David Lloyd valorisé à 2,3 milliards de livres : ce que le private equity dit vraiment du secteur fitness
TDR Capital explore la création d'un continuation fund à 2,3 milliards de livres sterling pour transférer sa participation dans David Lloyd Leisure vers un nouveau véhicule d'investissement, tout en attirant de nouveaux capitaux. Une vente directe à un autre fonds de private equity reste aussi sur la table. C'est le Financial Times qui a révélé l'information, et depuis, le secteur fitness pro observe la situation de très près.

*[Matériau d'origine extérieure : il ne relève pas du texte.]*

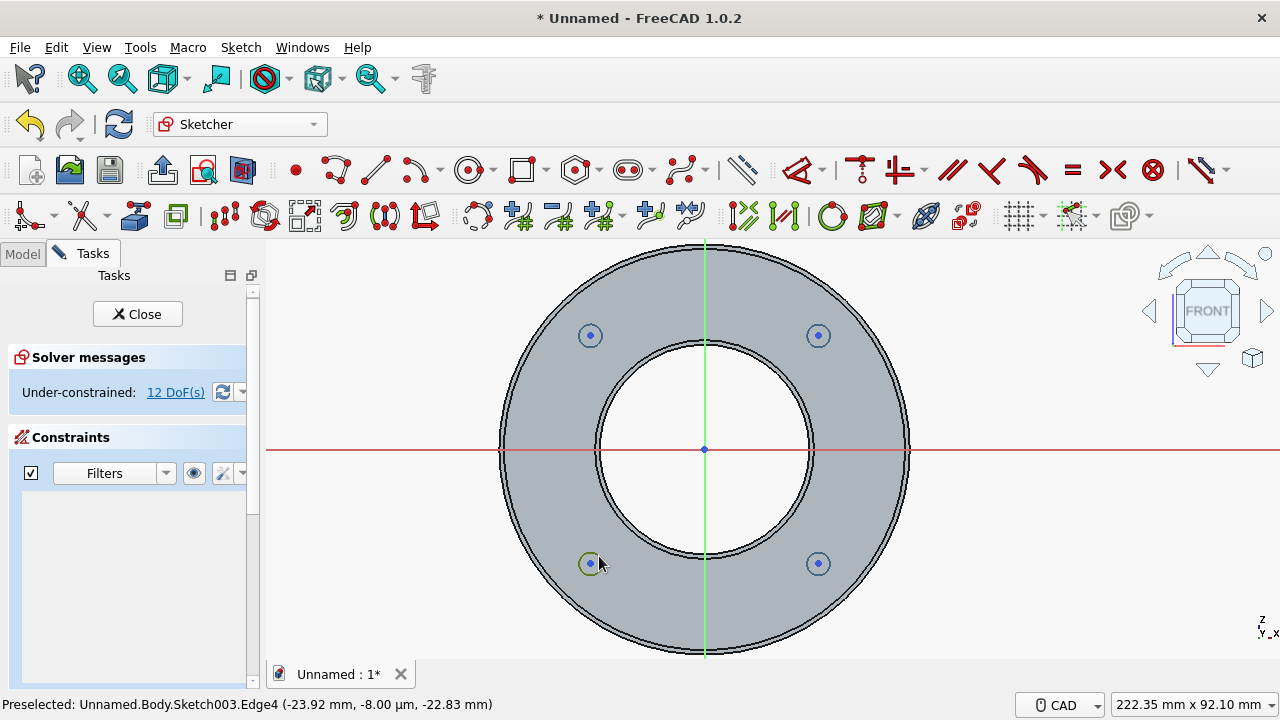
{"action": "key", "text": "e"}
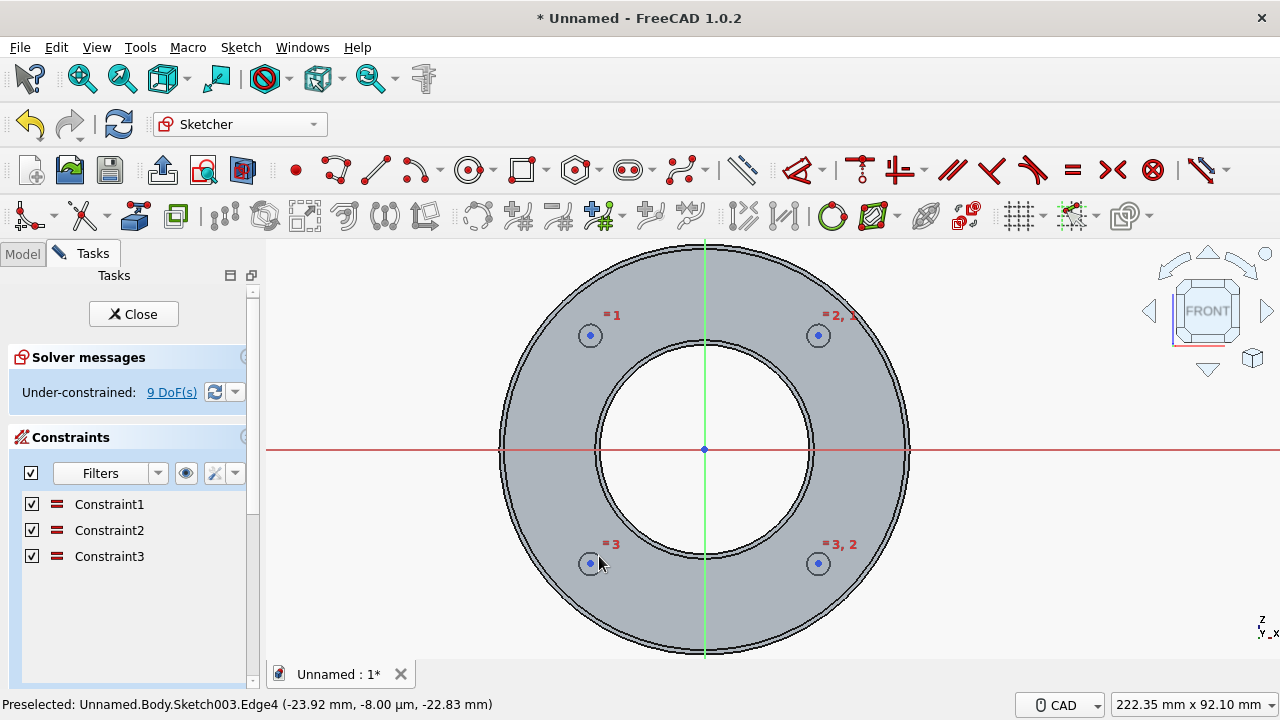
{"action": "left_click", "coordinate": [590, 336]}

Bah en fait, ce mouvement dit beaucoup plus sur l'état du marché que sur David Lloyd lui-même. Pour tout opérateur qui réfléchit à sa croissance, à une acquisition ou à une sortie dans les trois prochaines années, c'est un cas d'école à décortiquer sérieusement.
Des chiffres qui confirment la solidité du premium
Commençons par les résultats opérationnels : David Lloyd a enregistré une hausse de 33 % de son EBITDA ajusté à 231 millions de livres en 2024, accompagnée d'une croissance de 4 % de ses effectifs membres. C'est du solide, et ça valide une thèse que beaucoup défendent depuis quelques années.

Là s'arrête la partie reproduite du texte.